Econ 126 1995 Final Examination (2 1/2 hours)

1. Provide a rational explanation for the fact that the price of Adobe Systems stock fell immediately after it announced on September 18, 1995 that its third-quarter profits were 63 percent higher than a year earlier.

2. Explain this observation by a vice-president of P.R. Taylor Inc., a Palo Alto investment banking and financial advisory firm: "One nice thing is that the zero-coupon [bonds] have no 'reinvestment risk.'"

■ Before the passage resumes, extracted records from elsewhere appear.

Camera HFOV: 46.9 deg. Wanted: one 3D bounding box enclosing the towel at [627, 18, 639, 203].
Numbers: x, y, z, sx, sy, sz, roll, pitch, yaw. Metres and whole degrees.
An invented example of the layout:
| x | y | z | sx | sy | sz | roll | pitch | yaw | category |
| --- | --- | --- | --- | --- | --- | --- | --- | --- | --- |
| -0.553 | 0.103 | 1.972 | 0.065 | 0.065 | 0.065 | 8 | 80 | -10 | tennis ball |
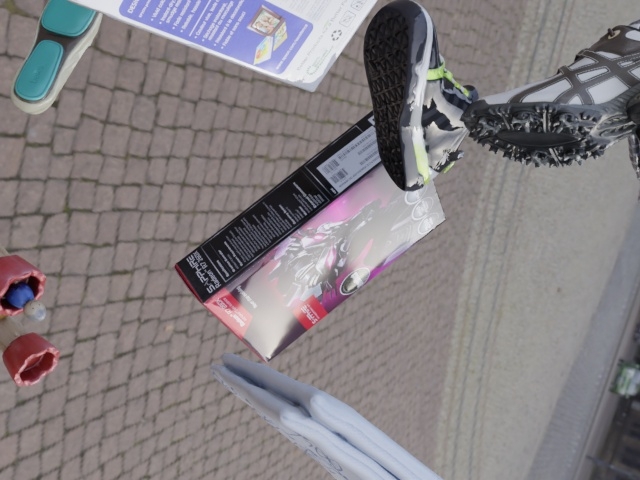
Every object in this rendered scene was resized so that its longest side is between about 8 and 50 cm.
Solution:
| x | y | z | sx | sy | sz | roll | pitch | yaw | category |
| --- | --- | --- | --- | --- | --- | --- | --- | --- | --- |
| 0.437 | -0.165 | 0.735 | 0.283 | 0.121 | 0.235 | -27 | 149 | 10 | towel |

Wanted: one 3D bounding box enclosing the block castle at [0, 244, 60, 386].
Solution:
| x | y | z | sx | sy | sz | roll | pitch | yaw | category |
| --- | --- | --- | --- | --- | --- | --- | --- | --- | --- |
| -0.611 | 0.200 | 1.067 | 0.453 | 0.213 | 0.303 | -34 | 154 | -35 | block castle |

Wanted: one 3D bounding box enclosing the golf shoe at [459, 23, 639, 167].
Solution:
| x | y | z | sx | sy | sz | roll | pitch | yaw | category |
| --- | --- | --- | --- | --- | --- | --- | --- | --- | --- |
| 0.208 | -0.112 | 0.561 | 0.077 | 0.198 | 0.094 | 50 | 47 | -53 | golf shoe |

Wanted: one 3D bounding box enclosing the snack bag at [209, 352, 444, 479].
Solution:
| x | y | z | sx | sy | sz | roll | pitch | yaw | category |
| --- | --- | --- | --- | --- | --- | --- | --- | --- | --- |
| 0.071 | 0.205 | 0.574 | 0.037 | 0.342 | 0.323 | -54 | -169 | -14 | snack bag |

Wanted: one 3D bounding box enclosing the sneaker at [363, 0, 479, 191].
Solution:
| x | y | z | sx | sy | sz | roll | pitch | yaw | category |
| --- | --- | --- | --- | --- | --- | --- | --- | --- | --- |
| 0.104 | -0.144 | 0.714 | 0.097 | 0.084 | 0.235 | -26 | 149 | -10 | sneaker |

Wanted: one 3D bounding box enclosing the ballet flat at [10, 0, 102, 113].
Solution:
| x | y | z | sx | sy | sz | roll | pitch | yaw | category |
| --- | --- | --- | --- | --- | --- | --- | --- | --- | --- |
| -0.402 | -0.301 | 1.142 | 0.248 | 0.086 | 0.086 | -66 | 155 | -17 | ballet flat |

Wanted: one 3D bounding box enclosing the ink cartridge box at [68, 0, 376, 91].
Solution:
| x | y | z | sx | sy | sz | roll | pitch | yaw | category |
| --- | --- | --- | --- | --- | --- | --- | --- | --- | --- |
| -0.090 | -0.284 | 0.779 | 0.371 | 0.069 | 0.176 | 6 | 129 | -51 | ink cartridge box |

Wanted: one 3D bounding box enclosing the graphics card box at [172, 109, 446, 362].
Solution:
| x | y | z | sx | sy | sz | roll | pitch | yaw | category |
| --- | --- | --- | --- | --- | --- | --- | --- | --- | --- |
| 0.000 | 0.000 | 1.073 | 0.371 | 0.094 | 0.233 | -39 | 145 | -5 | graphics card box |
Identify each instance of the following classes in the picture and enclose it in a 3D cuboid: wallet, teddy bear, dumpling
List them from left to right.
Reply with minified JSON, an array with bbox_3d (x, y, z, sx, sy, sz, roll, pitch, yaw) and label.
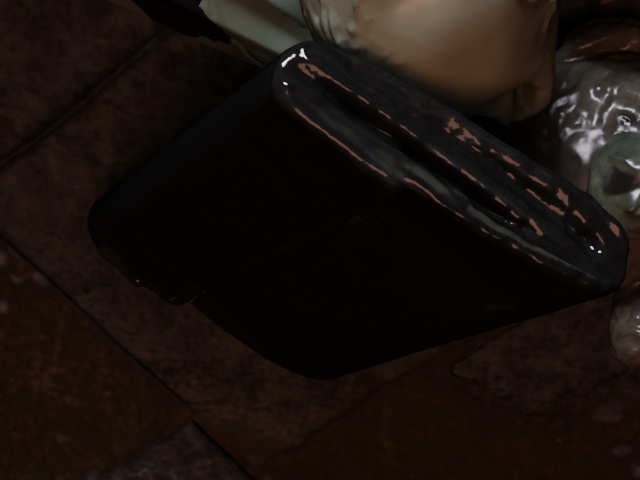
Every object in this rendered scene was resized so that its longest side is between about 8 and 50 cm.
[{"bbox_3d":[0.000,0.001,1.078,0.228,0.062,0.406,30,159,-14],"label":"wallet"},{"bbox_3d":[0.054,-0.164,0.975,0.147,0.193,0.258,-32,138,16],"label":"dumpling"},{"bbox_3d":[0.242,-0.027,1.116,0.267,0.151,0.236,25,97,-12],"label":"teddy bear"}]

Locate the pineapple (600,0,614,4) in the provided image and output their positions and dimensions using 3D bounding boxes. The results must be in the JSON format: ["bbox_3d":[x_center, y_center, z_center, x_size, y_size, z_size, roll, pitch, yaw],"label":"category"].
[{"bbox_3d":[0.111,-0.265,1.010,0.277,0.119,0.130,45,160,-18],"label":"pineapple"}]

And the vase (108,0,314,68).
[{"bbox_3d":[-0.103,-0.204,1.054,0.360,0.165,0.165,32,120,-18],"label":"vase"}]
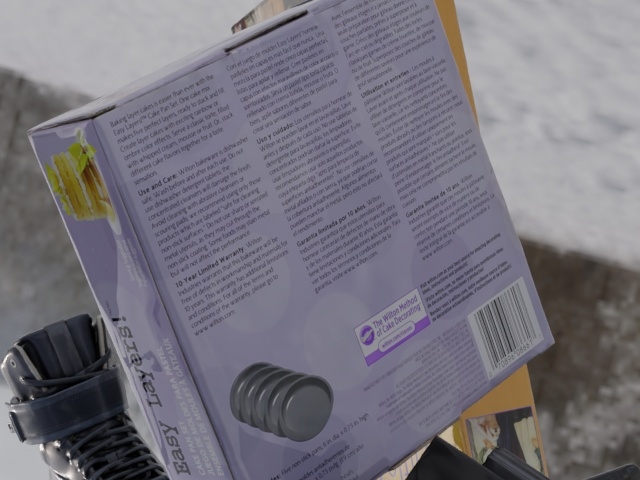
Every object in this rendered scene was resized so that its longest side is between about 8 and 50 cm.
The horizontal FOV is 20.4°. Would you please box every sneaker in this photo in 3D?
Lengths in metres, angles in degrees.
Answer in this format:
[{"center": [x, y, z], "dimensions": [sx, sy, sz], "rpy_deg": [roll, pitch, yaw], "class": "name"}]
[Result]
[{"center": [-0.152, 0.136, 1.223], "dimensions": [0.086, 0.163, 0.226], "rpy_deg": [-17, -172, -24], "class": "sneaker"}]

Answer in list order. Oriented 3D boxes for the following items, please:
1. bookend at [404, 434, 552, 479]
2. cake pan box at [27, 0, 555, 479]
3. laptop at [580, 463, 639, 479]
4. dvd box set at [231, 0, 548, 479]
[{"center": [0.044, 0.160, 0.828], "dimensions": [0.072, 0.157, 0.156], "rpy_deg": [32, 175, 32], "class": "bookend"}, {"center": [0.000, 0.000, 0.966], "dimensions": [0.070, 0.245, 0.267], "rpy_deg": [-5, -159, 48], "class": "cake pan box"}, {"center": [0.121, 0.384, 1.497], "dimensions": [0.382, 0.408, 0.236], "rpy_deg": [-19, -164, 2], "class": "laptop"}, {"center": [0.040, 0.010, 1.287], "dimensions": [0.062, 0.420, 0.307], "rpy_deg": [-9, 177, -20], "class": "dvd box set"}]
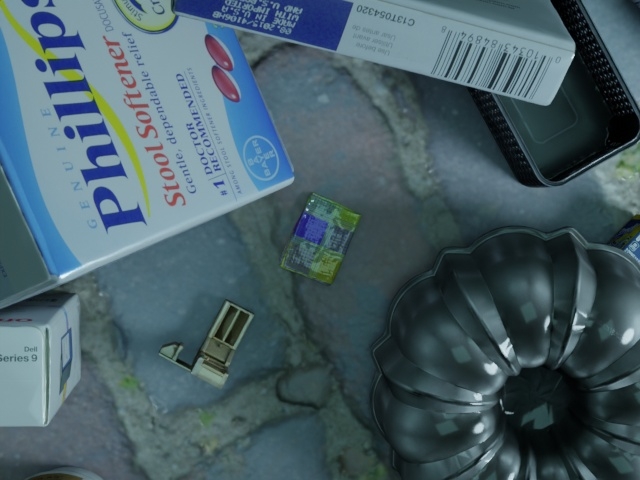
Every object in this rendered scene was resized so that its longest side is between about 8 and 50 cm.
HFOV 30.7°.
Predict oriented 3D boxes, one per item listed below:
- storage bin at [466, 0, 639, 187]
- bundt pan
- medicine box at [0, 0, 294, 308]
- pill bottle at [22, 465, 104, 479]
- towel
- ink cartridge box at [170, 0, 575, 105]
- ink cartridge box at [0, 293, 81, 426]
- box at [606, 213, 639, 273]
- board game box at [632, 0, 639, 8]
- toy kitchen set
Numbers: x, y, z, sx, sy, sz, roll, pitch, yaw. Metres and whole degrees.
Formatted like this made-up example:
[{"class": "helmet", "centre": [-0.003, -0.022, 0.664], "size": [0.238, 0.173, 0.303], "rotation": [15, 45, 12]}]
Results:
[{"class": "storage bin", "centre": [0.223, -0.152, 1.158], "size": [0.122, 0.084, 0.180], "rotation": [-30, 95, -3]}, {"class": "bundt pan", "centre": [0.209, 0.155, 1.122], "size": [0.330, 0.124, 0.331], "rotation": [0, 100, 2]}, {"class": "medicine box", "centre": [-0.206, -0.114, 1.021], "size": [0.289, 0.149, 0.264], "rotation": [-27, 96, -46]}, {"class": "pill bottle", "centre": [-0.245, 0.282, 1.064], "size": [0.131, 0.229, 0.131], "rotation": [0, 93, -4]}, {"class": "towel", "centre": [0.000, 0.000, 1.183], "size": [0.060, 0.009, 0.083], "rotation": [25, 90, -4]}, {"class": "ink cartridge box", "centre": [0.030, -0.255, 1.032], "size": [0.324, 0.330, 0.071], "rotation": [11, 123, -13]}, {"class": "ink cartridge box", "centre": [-0.308, 0.104, 1.060], "size": [0.154, 0.212, 0.093], "rotation": [0, 93, -5]}, {"class": "box", "centre": [0.370, 0.050, 1.190], "size": [0.169, 0.059, 0.054], "rotation": [45, 89, -5]}, {"class": "board game box", "centre": [0.405, -0.280, 1.179], "size": [0.194, 0.060, 0.194], "rotation": [-44, 94, -2]}, {"class": "toy kitchen set", "centre": [-0.111, 0.093, 1.140], "size": [0.068, 0.083, 0.075], "rotation": [28, 90, -6]}]
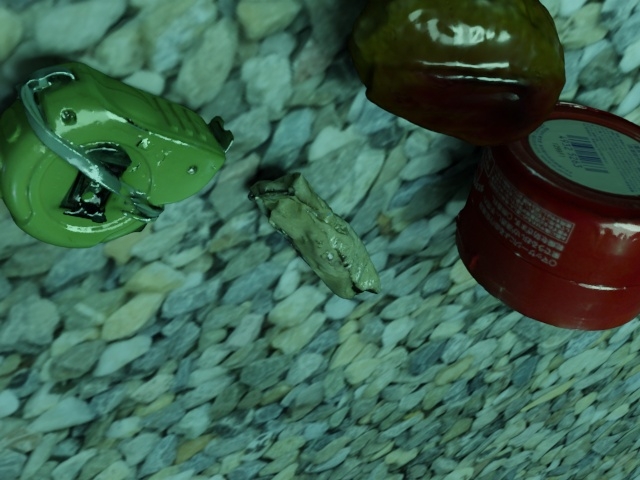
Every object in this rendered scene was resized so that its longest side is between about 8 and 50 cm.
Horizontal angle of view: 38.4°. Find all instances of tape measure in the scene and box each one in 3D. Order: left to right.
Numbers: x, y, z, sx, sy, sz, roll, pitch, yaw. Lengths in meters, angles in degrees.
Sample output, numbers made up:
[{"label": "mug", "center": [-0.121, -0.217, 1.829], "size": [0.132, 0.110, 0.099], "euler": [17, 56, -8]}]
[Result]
[{"label": "tape measure", "center": [-0.184, -0.064, 0.740], "size": [0.178, 0.087, 0.154], "euler": [23, 117, -42]}]

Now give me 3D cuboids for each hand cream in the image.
[{"label": "hand cream", "center": [0.263, -0.032, 0.955], "size": [0.230, 0.230, 0.149], "euler": [-10, 132, -24]}]

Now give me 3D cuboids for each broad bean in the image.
[{"label": "broad bean", "center": [0.122, -0.162, 0.812], "size": [0.229, 0.122, 0.156], "euler": [20, 143, -37]}]

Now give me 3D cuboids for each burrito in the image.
[{"label": "burrito", "center": [0.002, -0.002, 0.948], "size": [0.063, 0.058, 0.229], "euler": [-40, 142, 2]}]
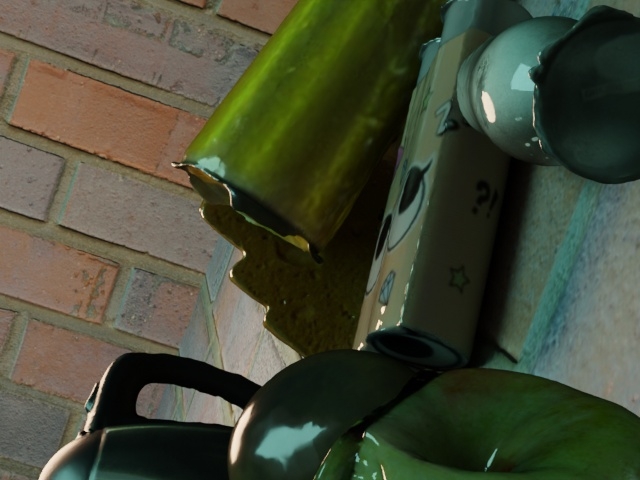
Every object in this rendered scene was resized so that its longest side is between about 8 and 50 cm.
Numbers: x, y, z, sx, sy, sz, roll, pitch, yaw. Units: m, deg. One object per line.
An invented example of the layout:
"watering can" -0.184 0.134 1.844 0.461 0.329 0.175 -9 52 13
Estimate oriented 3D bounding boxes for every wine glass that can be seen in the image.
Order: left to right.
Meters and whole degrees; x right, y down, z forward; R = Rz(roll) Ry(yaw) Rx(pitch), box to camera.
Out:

3. Carefully explain the inadequacies in this stock-selection advice from Peter Lynch, the legendary manager of Fidelity's Magellan Fund: "The p/e ratio can be thought of as the number of years it will take the company to earn back the amount of your initial investment--assuming of course that the company's earnings stay constant....If you buy shares in a company selling at two times earnings (a p/e of 2), you will earn back your initial investment in two years, but in a company selling at 40 times earnings (a p/e of 40) it would take forty years to accomplish the same thing."

4. A June 1995 Wall Street Journal article argued that people buying 30-year Treasury bonds with 6.7% yields were imprudent speculators. Among the reasons: "room for further slippage is limited. Interest rates have never been less than zero yet," and while interest rates might decline "a bit more," "the premium for making this bet is all of four-fifths of a percentage point, since one can get 5.84% without the risk on a two-year note."

   a. Explain why interest rates will never be negative.

   b. Explain why investors in 30-year Treasuries will, in comparison to two-year notes, make much more than four-fifths of a percentage point if interest rates decline.

   c. Explain why investors in 30-year Treasuries will, in comparison to two-year notes, make much more than four-fifths of a percentage point even if interest rates don't decline.

5. In 1992 MG Corp, a U.S. subsidiary of the German giant Metallgesellschaft AG, contracted to sell gasoline, heating oil, and diesel fuel at fixed prices for the next 10 years. MG tried to hedge by purchasing short-term oil futures. An added bonus was that energy futures were "backward" at the time, with futures prices below spot prices. However, oil prices fell by more than $4 a barrel in 1993 and MG lost $1 billion on its futures contracts, threatening bankruptcy and prompting MG to wind down its fuel contracts and its hedging program.

   a. Should MG have bought or sold oil futures to hedge their gasoline, heating oil, and diesel fuel contracts? Explain your reasoning.

   b. Explain how crude-oil futures protect, but not perfectly, against fluctuations in the price of refined gasoline.

   c. Explain why oil futures prices are usually above the current spot price for oil.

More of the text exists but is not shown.